— About this exercise —
From the line containing "You are a computer-use" down to the last line of the entries, print each line exactly and leave the pictures out.

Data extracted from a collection
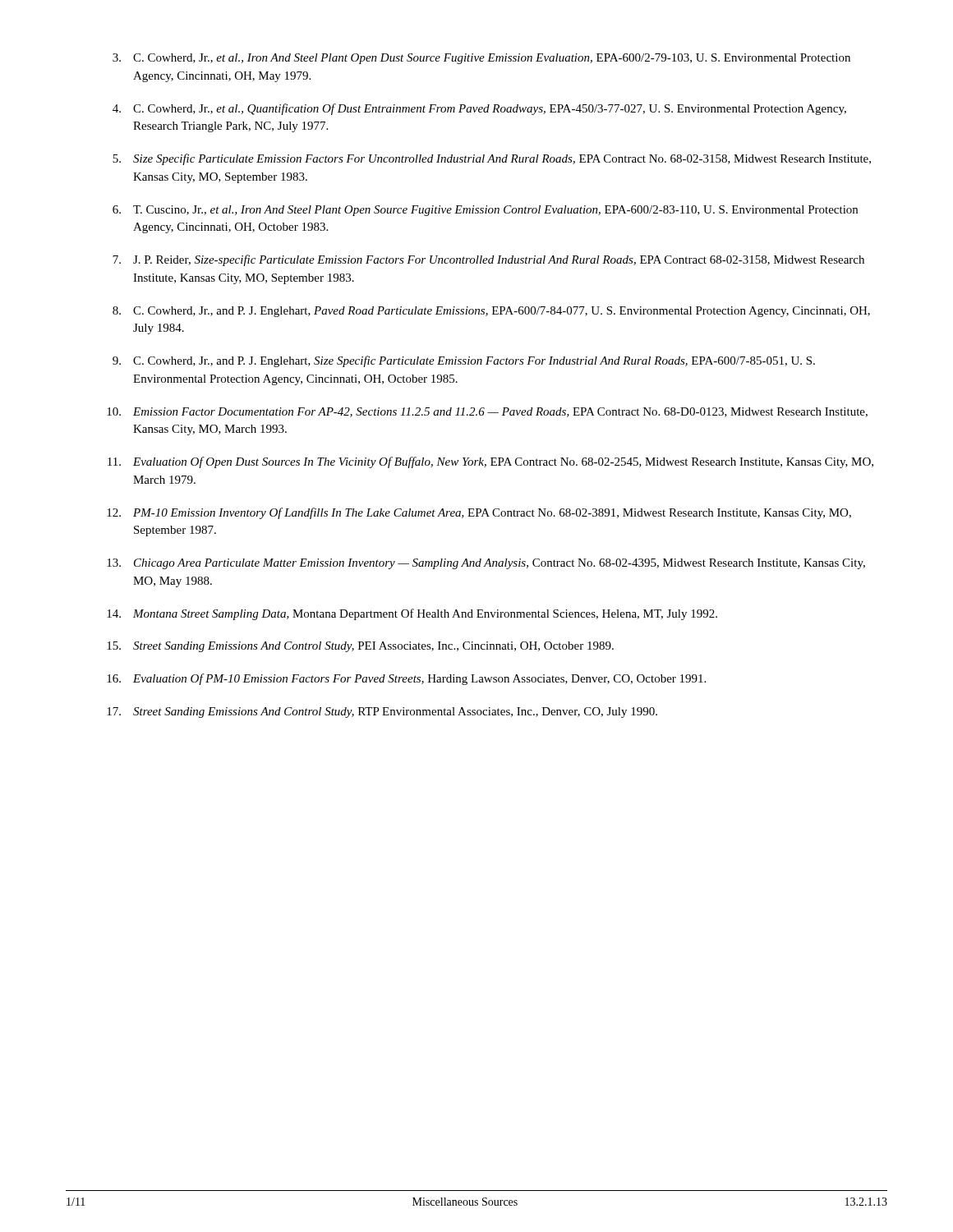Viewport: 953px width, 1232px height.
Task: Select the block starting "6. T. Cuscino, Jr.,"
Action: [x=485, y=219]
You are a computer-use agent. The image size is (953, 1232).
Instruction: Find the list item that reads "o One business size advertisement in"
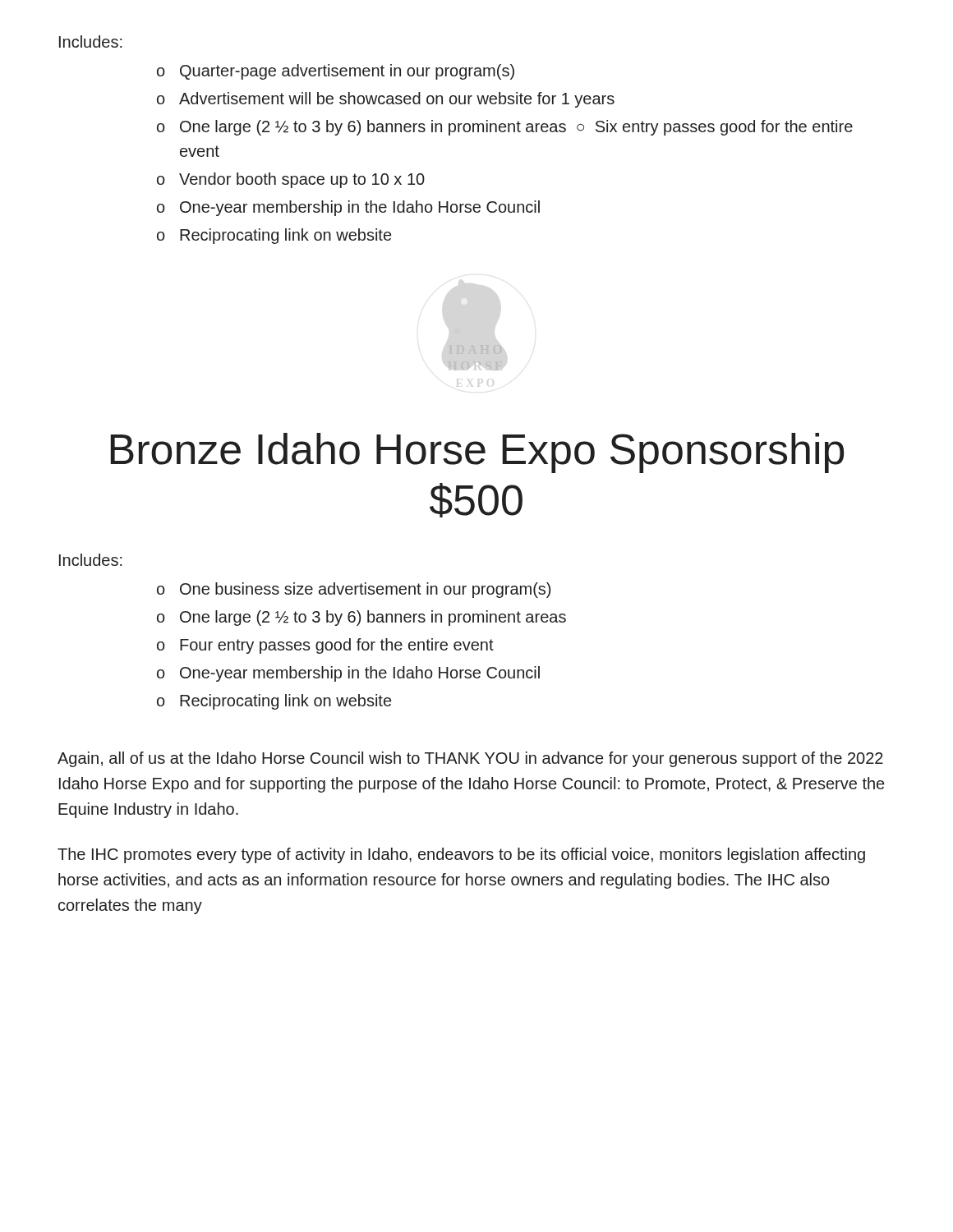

— Your response —
You are a computer-use agent. The image size is (953, 1232).
Instruction: Find the list item that reads "o One business size advertisement in"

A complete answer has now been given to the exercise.